#### What to produce:
Filter the listing below, please, and copy only the lines with the word "listed".

#### Data for review:

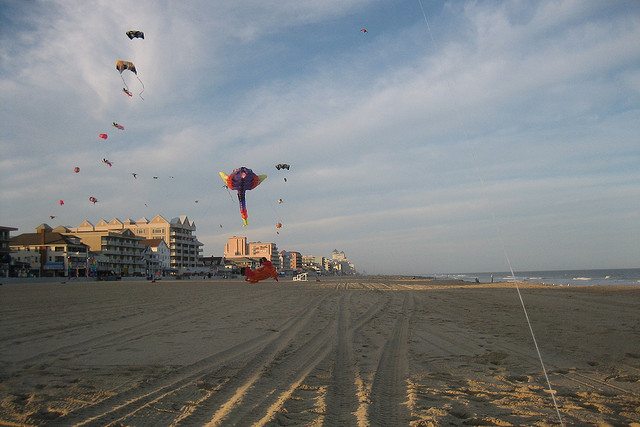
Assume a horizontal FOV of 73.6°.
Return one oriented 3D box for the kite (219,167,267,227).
[{"bbox_3d":[-5.564,-0.962,31.399,3.649,5.172,1.317,0,-34,-15],"label":"kite"}]
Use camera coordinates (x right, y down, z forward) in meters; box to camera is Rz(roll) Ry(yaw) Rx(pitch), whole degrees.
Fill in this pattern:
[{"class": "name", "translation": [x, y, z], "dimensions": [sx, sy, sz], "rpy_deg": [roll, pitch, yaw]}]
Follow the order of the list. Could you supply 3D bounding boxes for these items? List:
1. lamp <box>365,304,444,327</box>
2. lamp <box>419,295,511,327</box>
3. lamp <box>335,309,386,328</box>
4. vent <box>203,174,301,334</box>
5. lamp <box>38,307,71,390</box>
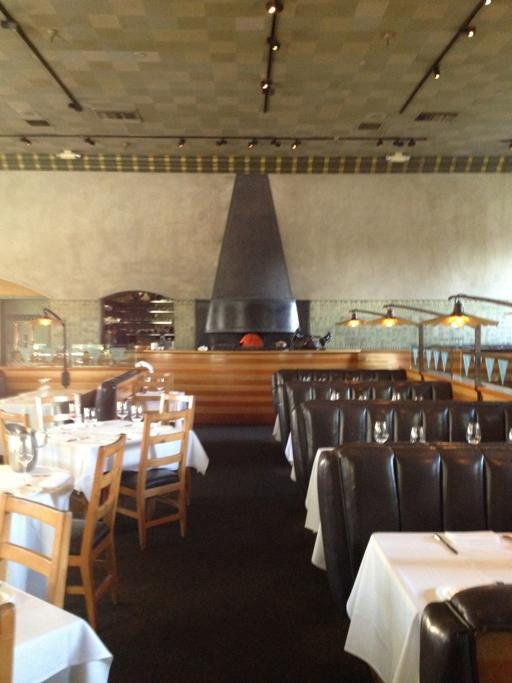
[{"class": "lamp", "translation": [2.310, -0.416, 7.808], "dimensions": [0.826, 0.239, 0.594], "rpy_deg": [1, 1, 9]}, {"class": "lamp", "translation": [3.155, -0.468, 7.457], "dimensions": [1.087, 0.400, 0.787], "rpy_deg": [0, 0, 10]}, {"class": "lamp", "translation": [1.719, -0.366, 8.015], "dimensions": [0.792, 0.245, 0.593], "rpy_deg": [-3, 0, -3]}, {"class": "vent", "translation": [-0.038, -1.515, 8.928], "dimensions": [1.456, 2.666, 0.616], "rpy_deg": [0, 1, -5]}, {"class": "lamp", "translation": [-2.681, 0.112, 6.678], "dimensions": [0.427, 1.082, 0.257], "rpy_deg": [1, 5, -4]}]
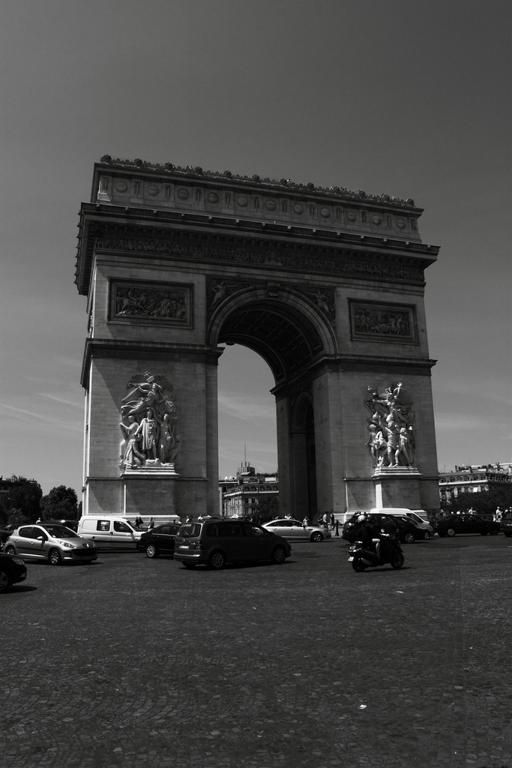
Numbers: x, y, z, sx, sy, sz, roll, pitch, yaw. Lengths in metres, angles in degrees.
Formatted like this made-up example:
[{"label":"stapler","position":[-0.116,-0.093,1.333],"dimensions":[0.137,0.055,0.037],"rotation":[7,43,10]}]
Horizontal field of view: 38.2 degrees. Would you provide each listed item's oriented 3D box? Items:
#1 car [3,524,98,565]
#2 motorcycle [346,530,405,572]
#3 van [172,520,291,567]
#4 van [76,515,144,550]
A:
[{"label":"car","position":[-6.779,5.309,24.509],"dimensions":[3.402,1.324,1.007],"rotation":[-11,-17,37]},{"label":"motorcycle","position":[3.110,4.357,19.174],"dimensions":[1.010,0.958,1.741],"rotation":[-8,-15,29]},{"label":"van","position":[-0.716,4.686,21.621],"dimensions":[2.894,1.135,1.601],"rotation":[2,-14,-24]},{"label":"van","position":[-6.158,6.283,31.394],"dimensions":[3.008,1.367,1.677],"rotation":[-2,-11,2]}]
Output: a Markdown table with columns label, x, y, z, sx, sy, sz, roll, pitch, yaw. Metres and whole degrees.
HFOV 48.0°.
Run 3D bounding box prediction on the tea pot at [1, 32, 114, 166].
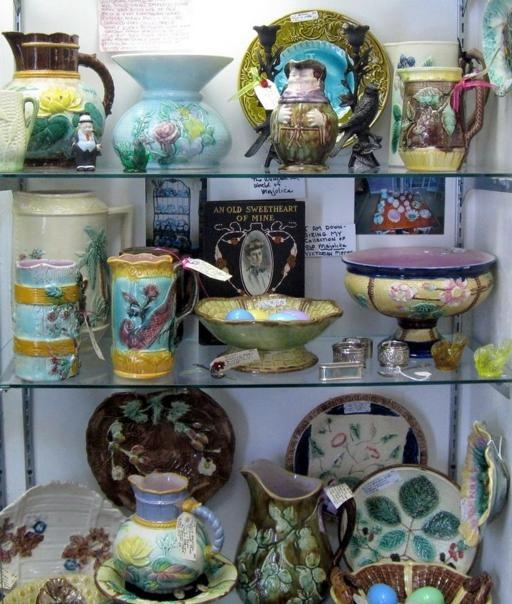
| label | x | y | z | sx | sy | sz | roll | pitch | yaw |
| --- | --- | --- | --- | --- | --- | --- | --- | --- | --- |
| tea pot | -0.277 | -0.288 | 0.904 | 0.212 | 0.194 | 0.172 | -5 | 9 | -36 |

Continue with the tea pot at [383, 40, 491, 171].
| label | x | y | z | sx | sy | sz | roll | pitch | yaw |
| --- | --- | --- | --- | --- | --- | --- | --- | --- | --- |
| tea pot | 0.271 | -0.295 | 0.872 | 0.144 | 0.211 | 0.202 | -1 | 8 | 12 |

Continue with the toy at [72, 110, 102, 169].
| label | x | y | z | sx | sy | sz | roll | pitch | yaw |
| --- | --- | --- | --- | --- | --- | --- | --- | --- | --- |
| toy | -0.240 | -0.219 | 0.802 | 0.037 | 0.079 | 0.063 | -5 | 8 | -14 |

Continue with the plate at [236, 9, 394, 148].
| label | x | y | z | sx | sy | sz | roll | pitch | yaw |
| --- | --- | --- | --- | --- | --- | --- | --- | --- | --- |
| plate | 0.089 | -0.344 | 0.879 | 0.274 | 0.246 | 0.042 | -4 | 13 | -8 |

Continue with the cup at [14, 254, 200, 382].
| label | x | y | z | sx | sy | sz | roll | pitch | yaw |
| --- | --- | --- | --- | --- | --- | --- | --- | --- | --- |
| cup | -0.167 | 0.022 | 0.771 | 0.257 | 0.168 | 0.141 | 1 | 5 | -9 |

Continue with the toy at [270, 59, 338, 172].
| label | x | y | z | sx | sy | sz | roll | pitch | yaw |
| --- | --- | --- | --- | --- | --- | --- | --- | --- | --- |
| toy | 0.064 | -0.247 | 0.774 | 0.084 | 0.146 | 0.044 | -2 | 8 | 7 |

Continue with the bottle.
| label | x | y | z | sx | sy | sz | roll | pitch | yaw |
| --- | --- | --- | --- | --- | --- | --- | --- | --- | --- |
| bottle | -0.117 | -0.267 | 0.822 | 0.177 | 0.159 | 0.079 | -4 | 8 | -11 |
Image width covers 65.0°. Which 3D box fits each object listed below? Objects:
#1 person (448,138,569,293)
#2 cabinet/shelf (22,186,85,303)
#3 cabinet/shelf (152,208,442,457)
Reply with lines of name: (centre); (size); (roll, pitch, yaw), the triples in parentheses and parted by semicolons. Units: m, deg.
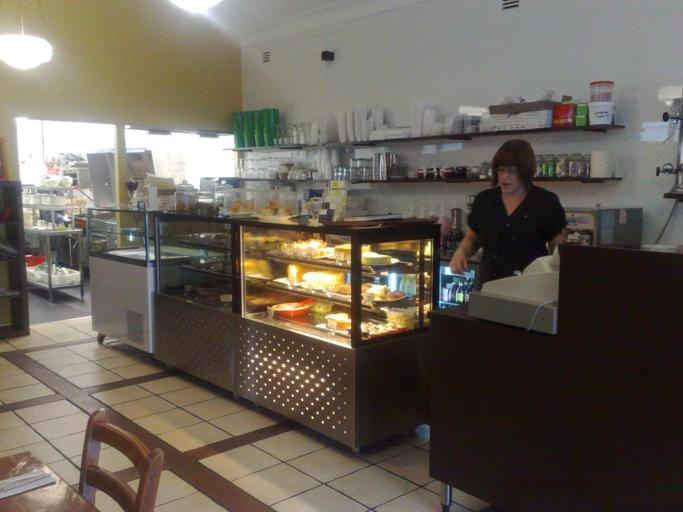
person: (1.106, -0.269, 3.523); (0.678, 0.963, 0.458); (4, 10, 22)
cabinet/shelf: (-4.373, -0.178, 8.118); (0.542, 1.539, 1.773); (-2, 5, -33)
cabinet/shelf: (-0.587, 0.395, 4.687); (2.669, 1.548, 0.898); (7, 8, 43)
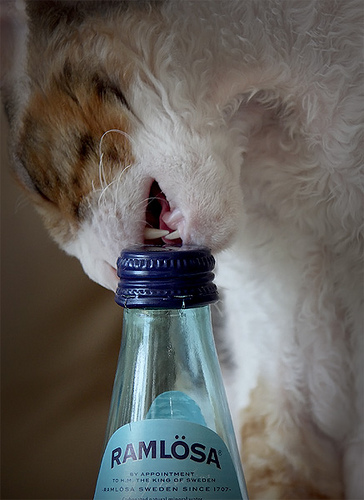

#### Result of this task:
Horizontal field of view: 38.2 degrees. Would you provide each listed item's oriented 3D box? Items:
Image width covers 65.0°. Which 3D box fits each object listed below? Objects:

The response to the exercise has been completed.